PANELS.sav = panel characterisitcs
circuits.sav = panel characteristics
- Temp Data:
- temp.sav = a temporary dataset of case + judge data
AGappel.sav = cases where AG is petitioner.
AGresp.sav = cases where AG is respondent.
- Output Data:
- AGCASES.sav = full set of case data.
- Step 3.
- Input Data:
- fullags.sav = full set of data on Attorneys General.
AGCASES.sav = full set of case data.
- Output Data: analysis.sps = final dataset for statistical analysis.
- Processes:
- Merge various datasets about Attorneys general.
- linear interpolation to fill in missing data on staff and salary.
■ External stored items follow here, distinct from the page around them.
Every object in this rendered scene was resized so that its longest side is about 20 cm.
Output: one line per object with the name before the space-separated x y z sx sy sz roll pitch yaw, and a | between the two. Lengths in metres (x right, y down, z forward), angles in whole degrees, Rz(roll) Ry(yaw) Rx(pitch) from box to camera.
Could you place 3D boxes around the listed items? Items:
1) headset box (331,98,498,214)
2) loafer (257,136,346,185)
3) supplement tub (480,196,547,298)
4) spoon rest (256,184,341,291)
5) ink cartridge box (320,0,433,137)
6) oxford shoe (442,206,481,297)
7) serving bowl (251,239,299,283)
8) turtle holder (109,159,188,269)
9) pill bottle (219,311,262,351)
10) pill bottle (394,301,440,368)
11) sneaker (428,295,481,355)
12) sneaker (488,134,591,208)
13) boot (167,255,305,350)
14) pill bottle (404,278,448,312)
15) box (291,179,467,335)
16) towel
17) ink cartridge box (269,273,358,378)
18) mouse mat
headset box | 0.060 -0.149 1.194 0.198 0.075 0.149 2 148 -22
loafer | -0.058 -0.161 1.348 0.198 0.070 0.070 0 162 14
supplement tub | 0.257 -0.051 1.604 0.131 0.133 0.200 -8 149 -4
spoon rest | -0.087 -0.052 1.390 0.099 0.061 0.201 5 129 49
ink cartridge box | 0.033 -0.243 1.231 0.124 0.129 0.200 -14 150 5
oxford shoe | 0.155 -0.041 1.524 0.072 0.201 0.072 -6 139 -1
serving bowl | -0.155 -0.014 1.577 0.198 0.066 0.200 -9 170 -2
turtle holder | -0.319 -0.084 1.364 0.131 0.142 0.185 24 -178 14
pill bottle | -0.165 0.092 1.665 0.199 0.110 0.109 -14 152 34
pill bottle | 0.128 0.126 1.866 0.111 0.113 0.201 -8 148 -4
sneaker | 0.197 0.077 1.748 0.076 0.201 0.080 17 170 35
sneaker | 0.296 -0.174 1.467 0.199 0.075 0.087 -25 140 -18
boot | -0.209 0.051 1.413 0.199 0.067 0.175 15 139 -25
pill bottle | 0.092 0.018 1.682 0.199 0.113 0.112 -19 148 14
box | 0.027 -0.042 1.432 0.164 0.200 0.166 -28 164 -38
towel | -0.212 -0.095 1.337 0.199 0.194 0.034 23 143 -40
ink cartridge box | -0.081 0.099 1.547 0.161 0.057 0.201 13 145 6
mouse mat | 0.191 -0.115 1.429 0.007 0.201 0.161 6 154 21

- Merge judicial characteristic data (Auburn) with case data (Songer).
- Create Duplicate records if AG's are on both sides of case.
- create dummy for petitioner or respondent victory.
- create dummy for AG victory or loss.
- create dummy for Criminal cases.
- create circuit dummies.
- recoding state for cases with missing state id.
- Calculate cummulative appearances before the circuit bench.
- Create marker for largest state per circuit.
- Create strong opponent variable
- Create Case complexity variable
- Computing two measures of USSC pro state orientation.
- Create dummy variable for economic cases.
- Create criminal petitioner variable.
- Creating prisoner appelant cases term.
- Create dummy for private party economic appeals.
- Create indicator for policy cases.
- Create measure for first term AG.
- Compress scales to make parameters visible.
- Determine directionality of the petitioner and respondent in each case.
- Identify ideological agreement of state brief and panel.
- Write out data used for LOGIT and Clarify analyses of AG success.